When loading data from a specific station using the function
gmwmx2::download_station_ngl(), we extract from the Nevada
Geodetic Laboratory the position time series in GD coordinates, the time
steps associated with a equipment or software change and the time steps
associated with an earthquake near the station. All these objects are
stored in a object of class gnss_ts_ngl.
When applying the function gmwmx2::gmwmx2() to an object
of class gnss_ts_ngl, we construct the design matrix \(\boldsymbol{X}\) by considering an offset
term for all equipment or software changes steps and all earthquakes
indicated by the NGL. We also specify a post-seismic relaxation term for
all earthquakes indicated by the NGL. If no relaxation time is specified
in the argument vec_earthquakes_relaxation_time, we
consider a default relaxation time of \(365.25\) days.
It is generally recognized that noise in GNSS time series is best described by a combination of colored noise plus white noise (He et al. 2017; Langbein 2008; Williams et al. 2004; Bos et al. 2013) where the white noise generally model noise at high frequencies and the colored noise model the lower frequencies of the spectrum.

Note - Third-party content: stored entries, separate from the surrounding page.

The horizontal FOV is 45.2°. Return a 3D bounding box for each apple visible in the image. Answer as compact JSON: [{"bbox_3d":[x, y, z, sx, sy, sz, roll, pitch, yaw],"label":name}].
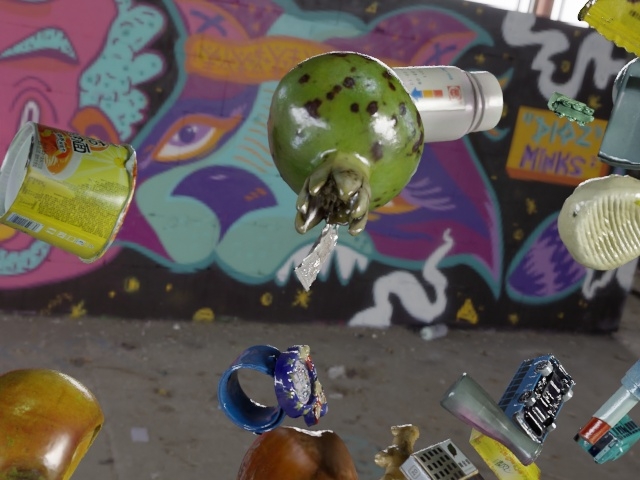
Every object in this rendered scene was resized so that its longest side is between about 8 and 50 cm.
[{"bbox_3d":[-0.474,0.325,1.267,0.207,0.237,0.237,12,13,-2],"label":"apple"}]

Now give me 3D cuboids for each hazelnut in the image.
[{"bbox_3d":[-0.071,0.659,2.010,0.315,0.372,0.372,16,14,37],"label":"hazelnut"}]

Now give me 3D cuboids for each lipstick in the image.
[{"bbox_3d":[0.589,0.284,1.448,0.061,0.274,0.068,37,14,-5],"label":"lipstick"}]

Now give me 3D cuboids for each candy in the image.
[{"bbox_3d":[0.514,-0.378,1.144,0.187,0.297,0.081,33,-22,10],"label":"candy"}]

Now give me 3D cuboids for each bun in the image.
[{"bbox_3d":[0.684,-0.051,1.830,0.259,0.259,0.160,8,27,-11],"label":"bun"}]

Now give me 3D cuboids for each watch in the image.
[{"bbox_3d":[-0.111,0.327,1.678,0.200,0.196,0.171,-12,5,19],"label":"watch"}]

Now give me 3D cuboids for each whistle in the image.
[{"bbox_3d":[0.636,-0.256,1.495,0.163,0.289,0.163,21,-6,2],"label":"whistle"}]

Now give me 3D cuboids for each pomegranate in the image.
[{"bbox_3d":[0.022,-0.142,1.086,0.242,0.242,0.306,13,21,14],"label":"pomegranate"}]

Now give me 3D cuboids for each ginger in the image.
[{"bbox_3d":[0.191,0.555,1.850,0.148,0.081,0.333,10,34,8],"label":"ginger"}]

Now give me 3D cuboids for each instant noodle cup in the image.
[{"bbox_3d":[-0.514,-0.105,1.522,0.200,0.264,0.264,20,5,-34],"label":"instant noodle cup"}]

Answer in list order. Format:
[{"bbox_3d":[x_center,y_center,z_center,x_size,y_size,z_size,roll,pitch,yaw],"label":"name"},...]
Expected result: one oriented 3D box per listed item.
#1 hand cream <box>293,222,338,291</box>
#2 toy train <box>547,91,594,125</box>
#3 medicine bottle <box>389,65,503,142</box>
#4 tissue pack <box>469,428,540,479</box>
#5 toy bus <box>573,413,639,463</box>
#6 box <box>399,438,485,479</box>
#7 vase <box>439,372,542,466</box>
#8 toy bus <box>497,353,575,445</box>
[{"bbox_3d":[0.003,0.000,1.883,0.050,0.084,0.257,4,53,28],"label":"hand cream"},{"bbox_3d":[0.464,-0.242,1.423,0.083,0.033,0.053,19,32,-8],"label":"toy train"},{"bbox_3d":[0.253,-0.305,1.725,0.293,0.170,0.170,-8,19,-23],"label":"medicine bottle"},{"bbox_3d":[0.417,0.485,1.728,0.176,0.062,0.095,51,20,3],"label":"tissue pack"},{"bbox_3d":[0.604,0.407,1.607,0.160,0.079,0.092,6,37,-51],"label":"toy bus"},{"bbox_3d":[0.299,0.524,1.432,0.325,0.047,0.180,50,24,26],"label":"box"},{"bbox_3d":[0.353,0.372,1.578,0.214,0.086,0.086,40,19,9],"label":"vase"},{"bbox_3d":[0.532,0.409,1.945,0.234,0.116,0.133,-46,12,-37],"label":"toy bus"}]

In a large study on the noise properties of GNSS signals, concluded that the optimal noise models for 80–90% of GNSS time series signals are the power law and white noise model or white noise and flicker/pink noise with model. The package currently support both stochastic model specification.

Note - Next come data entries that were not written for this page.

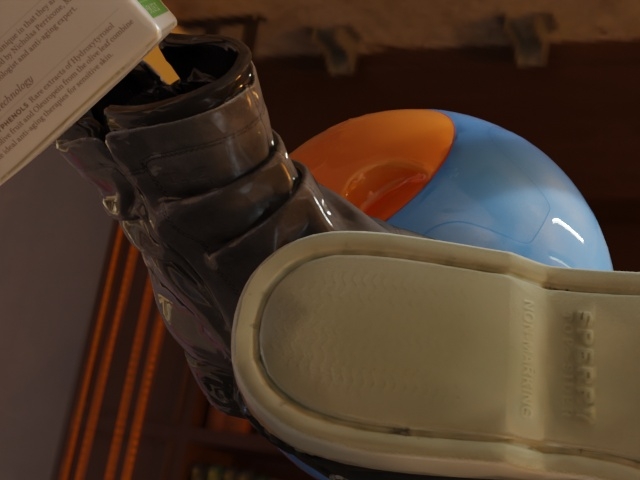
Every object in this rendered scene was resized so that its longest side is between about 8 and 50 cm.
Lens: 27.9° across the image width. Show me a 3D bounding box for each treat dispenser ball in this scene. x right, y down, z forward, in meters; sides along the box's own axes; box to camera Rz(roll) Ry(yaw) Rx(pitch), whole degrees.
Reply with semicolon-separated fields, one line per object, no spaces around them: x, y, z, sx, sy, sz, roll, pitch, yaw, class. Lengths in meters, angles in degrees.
0.069;0.048;0.939;0.288;0.288;0.288;9;-16;3;treat dispenser ball

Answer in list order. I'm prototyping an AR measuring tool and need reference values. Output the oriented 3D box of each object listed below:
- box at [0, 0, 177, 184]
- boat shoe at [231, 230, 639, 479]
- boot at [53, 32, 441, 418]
-0.127;-0.090;0.548;0.087;0.102;0.101;47;7;-11;box
0.130;0.088;0.511;0.340;0.127;0.113;9;-28;-1;boat shoe
0.000;0.000;0.656;0.338;0.118;0.223;-2;-52;40;boot
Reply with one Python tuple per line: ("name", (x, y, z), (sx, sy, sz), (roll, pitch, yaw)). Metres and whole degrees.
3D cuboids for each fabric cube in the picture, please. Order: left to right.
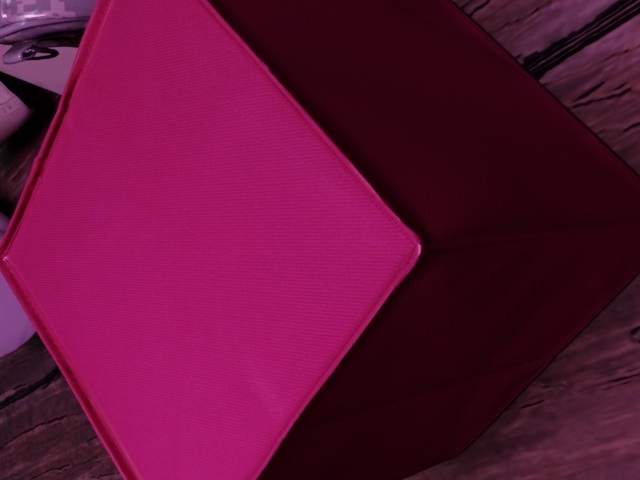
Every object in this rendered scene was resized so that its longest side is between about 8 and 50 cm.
("fabric cube", (0.000, 0.000, 0.571), (0.254, 0.258, 0.259), (51, 125, 26))

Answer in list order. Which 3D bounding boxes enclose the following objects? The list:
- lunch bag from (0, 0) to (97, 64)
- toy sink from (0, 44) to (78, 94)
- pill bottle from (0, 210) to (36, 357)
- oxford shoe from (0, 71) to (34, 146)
("lunch bag", (-0.127, -0.277, 0.657), (0.213, 0.256, 0.305), (4, 98, 42))
("toy sink", (-0.274, -0.244, 0.849), (0.153, 0.234, 0.131), (-23, 52, 56))
("pill bottle", (-0.435, 0.013, 1.044), (0.283, 0.161, 0.161), (28, 113, 38))
("oxford shoe", (-0.407, -0.260, 1.042), (0.146, 0.140, 0.397), (-25, 70, 10))
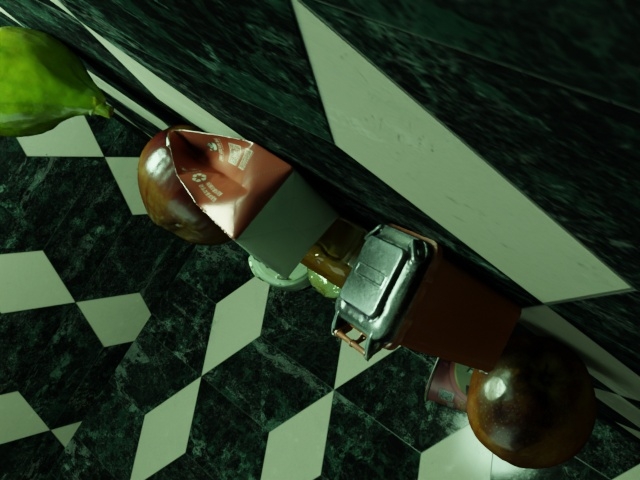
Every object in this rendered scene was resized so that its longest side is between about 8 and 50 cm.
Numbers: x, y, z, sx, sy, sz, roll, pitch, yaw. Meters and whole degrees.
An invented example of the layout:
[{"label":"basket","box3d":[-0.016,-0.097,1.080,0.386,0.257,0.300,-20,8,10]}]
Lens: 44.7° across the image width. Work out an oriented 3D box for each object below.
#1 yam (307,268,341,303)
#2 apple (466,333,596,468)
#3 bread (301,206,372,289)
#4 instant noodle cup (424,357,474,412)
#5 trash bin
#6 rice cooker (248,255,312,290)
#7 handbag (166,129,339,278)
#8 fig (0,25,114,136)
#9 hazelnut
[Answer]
[{"label":"yam","box3d":[0.075,0.088,1.914,0.161,0.161,0.268,31,179,26]},{"label":"apple","box3d":[0.356,0.268,1.310,0.230,0.229,0.230,32,177,2]},{"label":"bread","box3d":[0.000,0.000,1.430,0.241,0.107,0.136,32,165,25]},{"label":"instant noodle cup","box3d":[0.381,0.298,1.681,0.255,0.243,0.244,25,175,17]},{"label":"trash bin","box3d":[0.154,0.105,1.126,0.239,0.184,0.161,28,180,-29]},{"label":"rice cooker","box3d":[-0.092,0.041,2.275,0.226,0.226,0.244,32,180,10]},{"label":"handbag","box3d":[-0.130,-0.090,1.269,0.298,0.151,0.171,39,178,39]},{"label":"fig","box3d":[-0.552,-0.299,1.546,0.314,0.232,0.233,11,180,-7]},{"label":"hazelnut","box3d":[-0.243,-0.100,1.515,0.252,0.217,0.217,37,177,-8]}]

More precisely, the power spectrum of a power-law noise has the following form: \[ P(f)=P_0\left(f / f_s\right)^\kappa \] where \(f\) is the frequency, \(P_0\) is a constant, \(f_s\) the sampling frequency and the exponent \(\kappa\) is called the spectral index.
Many stochastic noise can be expressed as such, for example, a spectral index \(\kappa=0\) produces a white noise, a spectral index \(\kappa=-2\) produces a red noise or random walk and a spectral index \(\kappa=-1\) produce a flicker noise, also called pink noise.
Granger (1980) and Hosking (1981) showed that power-law noise with a spectral index between \(-1\) and \(1\) can be obtained by using fractional differencing of Gaussian noise:
\[ (1-B)^{-\kappa / 2} \mathbf{v} \]
where \(B\) is the backward-shift operator \(\left(B v_i=v_{i-1}\right)\) and \(\mathbf{v}\) a vector with independent and identically distributed (IID) Gaussian noise.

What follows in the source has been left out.